Après Tardi, les frères Brizzi et Chistophe Malavoy ont entrepris de mettre Céline en images ou plutôt, en ce qui concerne Tardi, de mettre quelques images sur le délire verbal de Louis-Ferdinand et l'équipée hallucinée de Bardamu.

Le travail de Tardi donnait du texte une iconographie distanciée, ouvrant çà et là de sombres fenêtres sur la nuit célinienne: le texte restait la référence essentielle- respecté, intégral, sanctuarisé par les grandes pages des éditions Gallimard.Plus de 300 larges pages qui permettaient au lecteur assidu ou occasionnel du Voyage d'en faire un, lui aussi, de voyage, moins violemment cantonné à sa seule imagination, mais qui le guidaient quand même, avec noirceur et beauté, dans cette descente aux enfers céliniens...

Rien de tout cela avec cette B.D. de Brizzi et Malavoy: c'est une vraie mise en images, un découpage scénarisé et presque un story-board des trois livres de Céline appelés "la trilogie allemande" ( ou nordique)- empruntant sa trame à la folle cavale de Céline à l'heure de la défaite allemande , racontée dans D'un château l'autre, Nord et Rigodon. Le texte de Céline y est présent, bien sûr, mais dans des phylactères, dans la bouche de protagonistes incarnés, grimaçants, grotesques, pathétiques. Dans les commentaires à la première personne du Narrateur.

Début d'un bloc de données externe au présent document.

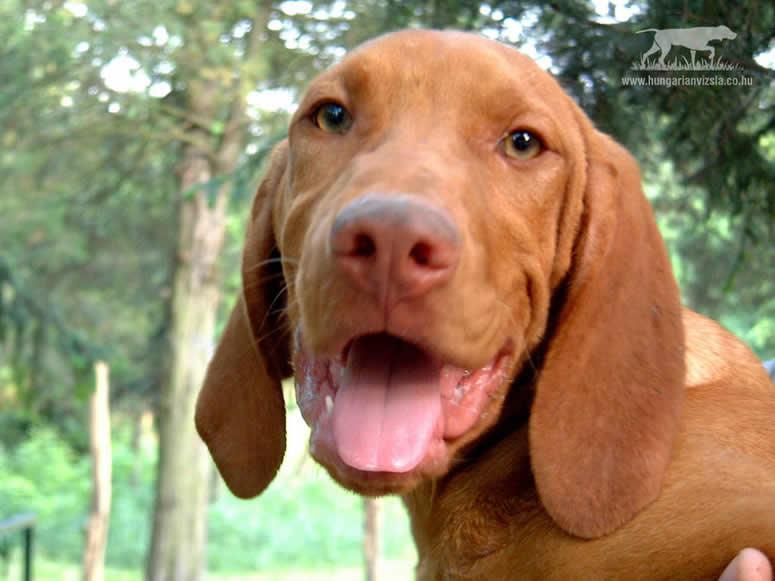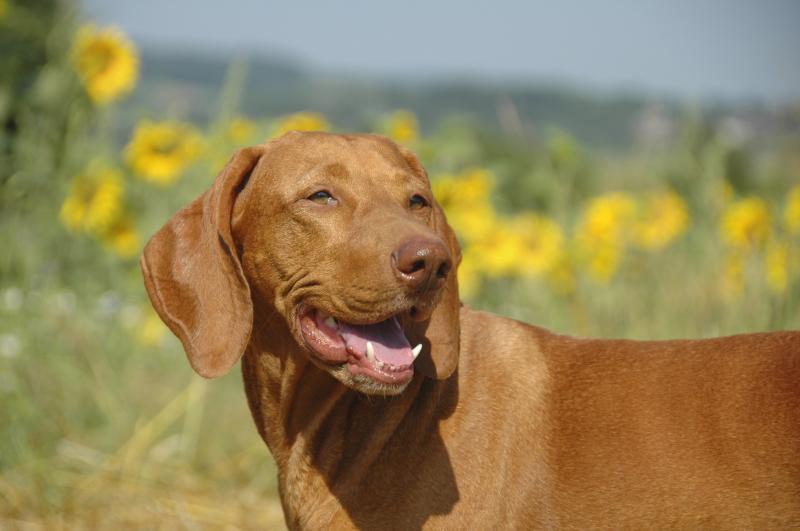The first image is the image on the left, the second image is the image on the right. Examine the images to the left and right. Is the description "At least one dog has its mouth open." accurate? Answer yes or no. Yes. The first image is the image on the left, the second image is the image on the right. Examine the images to the left and right. Is the description "The lefthand dog has long floppy ears and is turned slightly leftward, and the righthand dog has its head turned slightly rightward." accurate? Answer yes or no. Yes. 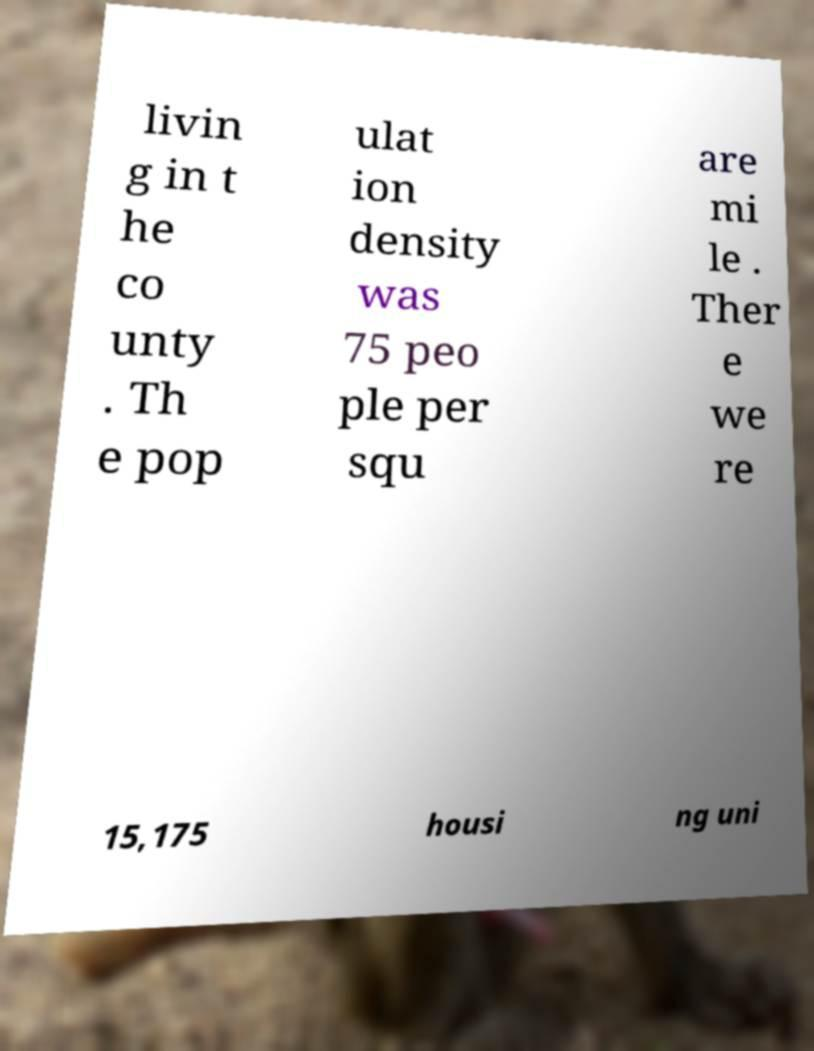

Soit quatre personnages principaux: Louis, dit Ferdine,le Docteur Destouches dans le civil, le narrateur maudit, Lucette Almanzor dite Lili, son épouse, la danseuse gracieuse, Bébert le chat, imperdable et diaboliquement débrouillard dans ce chaos apocalyptique, et enfin, last but not least, Le Vigan, dit la Vigue, l'acteur inoubliable des Disparus de Saint-Agil, fraîchement échappé du tournage des Enfants du Paradis et des engeulades sévères avec une autre collabo' de choc et de charme: Arletty ( dont on n'oubliera jamais la réplique, au moment de l'Epuration: "Mon cœur est français, mais mon cul est international!"). Raide fou, la Vigue.

Notre joyeuse bande de pieds nickelés traverse donc la Suisse, l'Allemagne, le Danemark, à la recherche d'un abri -et de l'or que Céline-- la -Pince avait caché chez une amie au Danemark: le vent a tourné, il ne fait pas bon , pour nos deux compères masculins, avoir écrit Bagatelles pour un massacre ou avoir proféré mille injures antisémites sur les plateaux de tournage, ni même être la femme ou encore le chat d'un collaborateur ayant ses entrées dans les ambassades du Reich..

Donc c'est la débandade- mais avec passeport patenté y compris pour le chat, argent cousu au petit point dans la doublure de l'éternel gilet, bagages et même une arme, délicate attention du fonctionnaire de service allemand...

Occasion pour nous de croiser les doux visages de quelques ordures patentées elles aussi: Pierre Laval, Philippe Pétain, qui ne sont plus à présenter, Fernand de Brinon, homme à tout faire de Laval et officiellement, président de la commission gouvernementale, le gouvernement en exil de la collaboration: Jean Luchaire, à l'Education, Joseph Darnand, chef de la Milice, Marcel Déat, ministre du Travail...Et j'en passe....Belle brochette de salopards...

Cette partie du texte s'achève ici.